La France ne fait pas partie des pays visés. En fait, dans la tactique allemande, dont on ne sait pas si c’est de concert avec les autorités françaises, son rôle est celui d’un régulateur via les importations. On voit qu’au plus fort de la nuit, elles ont atteint presque 4 GW. Et pour garder une flexibilité qu’elle n’a plus elle-même, elle importe et exporte en même temps à certaines périodes.

Et l’Allemagne se sert ensuite de la diminution de ces importations calées sur la pente ascendante du solaire et l’éolien pour s’en sortir, en plus de ses exports. Et c’est évidemment du nucléaire français qu’elle importe car il est bon marché. Faire faire le yo-yo à ses centrales à charbon et à gaz lui serait bien plus coûteux. Il est plus avantageux de le faire faire aux autres.
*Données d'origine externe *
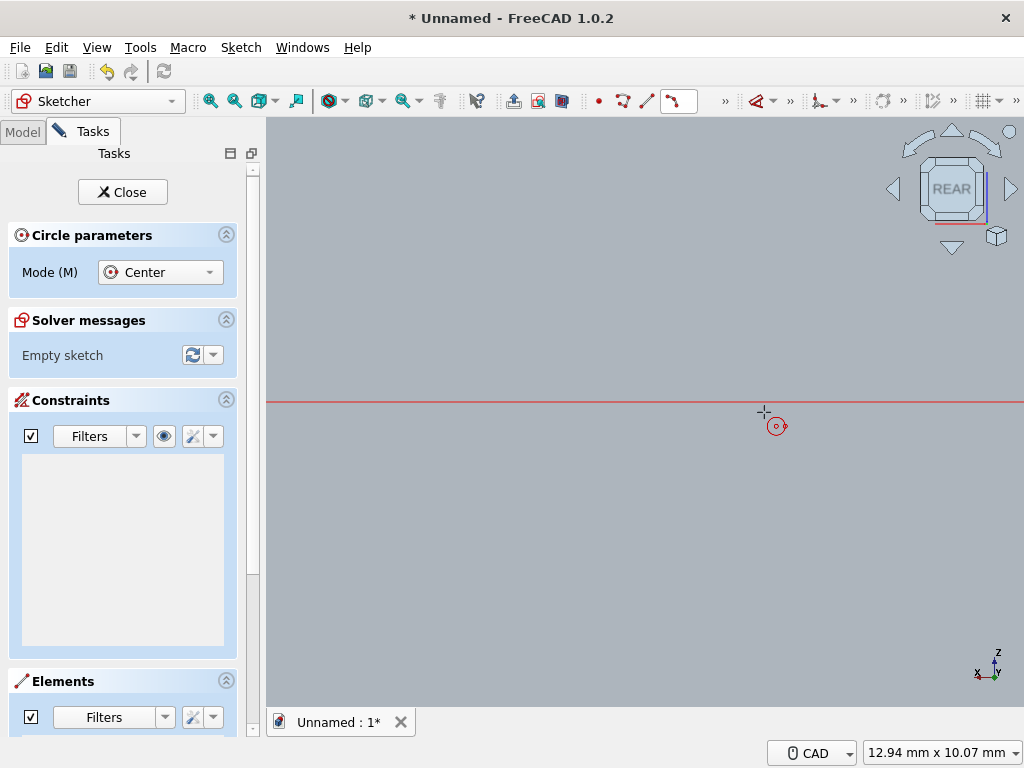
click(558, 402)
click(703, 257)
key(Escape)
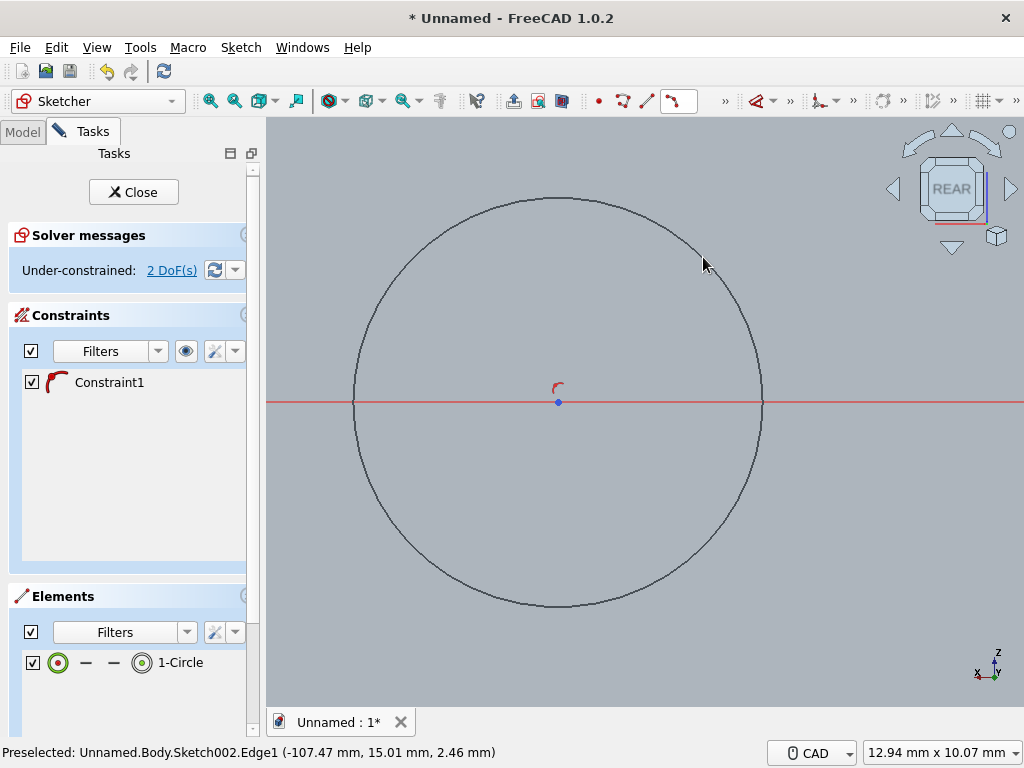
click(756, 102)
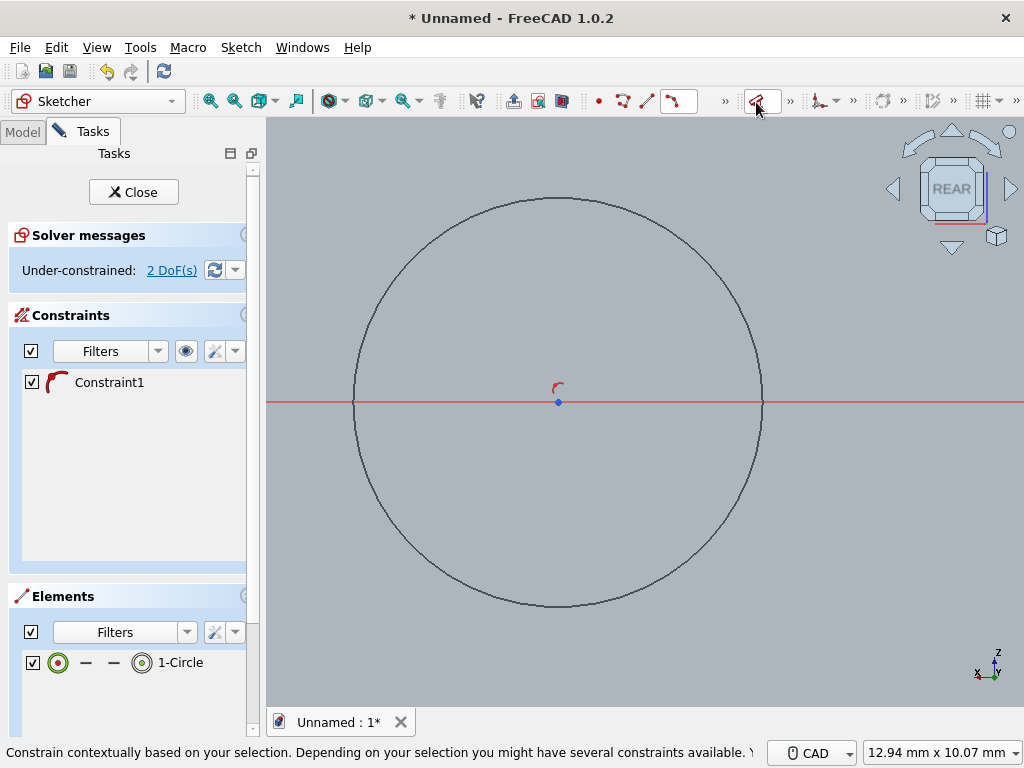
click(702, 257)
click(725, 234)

L’Europe au service de l’Allemagne

Entre les imports français et les exports vers le reste de l’Europe, l’excursion totale de régulation du réseau allemand st donc de plus de 15 GW : près de 30 % de la charge ! Tout le monde en Europe contribue à faire de l’Allemagne le meilleur élève de l’Europe en matière de réduction de ses émissions. Quel altruisme !

Mais le réseau européen est en grand danger : en été pour avoir trop de capacités, en hiver pour n’en n’avoir pas assez.